Mtce host watchdog too long to detect controller overload
Affects | Status | Importance | Assigned to | Milestone | |
---|---|---|---|---|---|
StarlingX |
Fix Released
|
Medium
|
Eric MacDonald |
Bug Description
The current maintenance host watchdog timeout is set at 5 minutes and its minimum setting is 1 minute.
5 minutes, and even 1 minute is too long to detect and react to overload conditions that cause non-rt process stalls of over 15 seconds. Need to detect the failure and force self recovery by reset somewhere in the 10-20 second time frame.
This is of particular concern for the Active/Standby System Controllers.
Need the mtce host watchdog to support watchdog timeout interval in the 10 or 10's of seconds time frame, not just 5 minutes.
Severity
--------
Major: Need the mtce host watchdog to support watchdog timeout interval in the 10 or 10's of seconds, not just 5 minutes.
Steps to Reproduce
------------------
Change the /etc/mtc/
Expected Behavior
------------------
hostwd continues to support pmon quorum monitoring and modified kernel watchdog period with a simple hostwd.
Actual Behavior
----------------
The hostwd does not permit timeout settings less than 60 seconds.

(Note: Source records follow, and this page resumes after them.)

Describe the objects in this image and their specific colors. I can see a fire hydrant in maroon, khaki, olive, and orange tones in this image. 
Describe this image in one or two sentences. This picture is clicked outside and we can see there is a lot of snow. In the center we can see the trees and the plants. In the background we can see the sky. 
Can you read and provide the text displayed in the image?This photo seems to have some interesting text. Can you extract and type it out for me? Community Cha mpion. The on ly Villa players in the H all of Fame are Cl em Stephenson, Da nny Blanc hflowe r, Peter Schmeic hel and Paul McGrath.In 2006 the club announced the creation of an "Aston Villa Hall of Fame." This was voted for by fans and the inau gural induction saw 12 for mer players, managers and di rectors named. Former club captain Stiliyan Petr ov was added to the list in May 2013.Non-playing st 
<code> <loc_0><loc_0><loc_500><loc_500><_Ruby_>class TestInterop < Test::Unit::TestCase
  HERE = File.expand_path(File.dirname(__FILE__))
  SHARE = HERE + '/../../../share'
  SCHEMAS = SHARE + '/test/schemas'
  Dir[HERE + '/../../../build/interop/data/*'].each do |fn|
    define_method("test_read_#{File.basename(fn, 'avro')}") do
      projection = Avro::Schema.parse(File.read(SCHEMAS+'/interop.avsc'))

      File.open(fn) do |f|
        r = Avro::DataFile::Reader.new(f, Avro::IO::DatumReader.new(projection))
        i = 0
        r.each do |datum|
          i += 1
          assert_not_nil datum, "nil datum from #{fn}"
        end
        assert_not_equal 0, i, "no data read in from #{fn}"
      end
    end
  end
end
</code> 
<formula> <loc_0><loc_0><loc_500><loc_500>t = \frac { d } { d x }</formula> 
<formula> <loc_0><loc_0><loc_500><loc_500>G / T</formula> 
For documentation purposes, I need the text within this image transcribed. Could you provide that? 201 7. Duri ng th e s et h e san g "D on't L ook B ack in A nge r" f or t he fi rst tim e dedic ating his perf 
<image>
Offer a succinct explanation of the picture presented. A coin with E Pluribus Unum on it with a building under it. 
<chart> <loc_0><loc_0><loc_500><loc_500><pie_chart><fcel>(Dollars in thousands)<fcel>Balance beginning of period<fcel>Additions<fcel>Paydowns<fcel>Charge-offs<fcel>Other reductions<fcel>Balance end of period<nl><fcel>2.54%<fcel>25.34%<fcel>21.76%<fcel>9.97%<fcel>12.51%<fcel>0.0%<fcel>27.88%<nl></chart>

The pmon quorum monitoring would fail for a host watchdog setting in the 10-12 second range due to current implementation.
Reproducibility
---------------
Reproducible: 100%
System Configuration
-------
any
Branch/Pull Time/Commit
-------
all
Last Pass
---------
N/A since the hostwd process has been this way since its introduction.
Timestamp/Logs
--------------
N/A
Test Activity
-------------
Feature development
Workaround
----------
None
Changed in starlingx: | |
status: | Triaged → In Progress |
stx.5.0 / medium priority - issue w/ recovery handling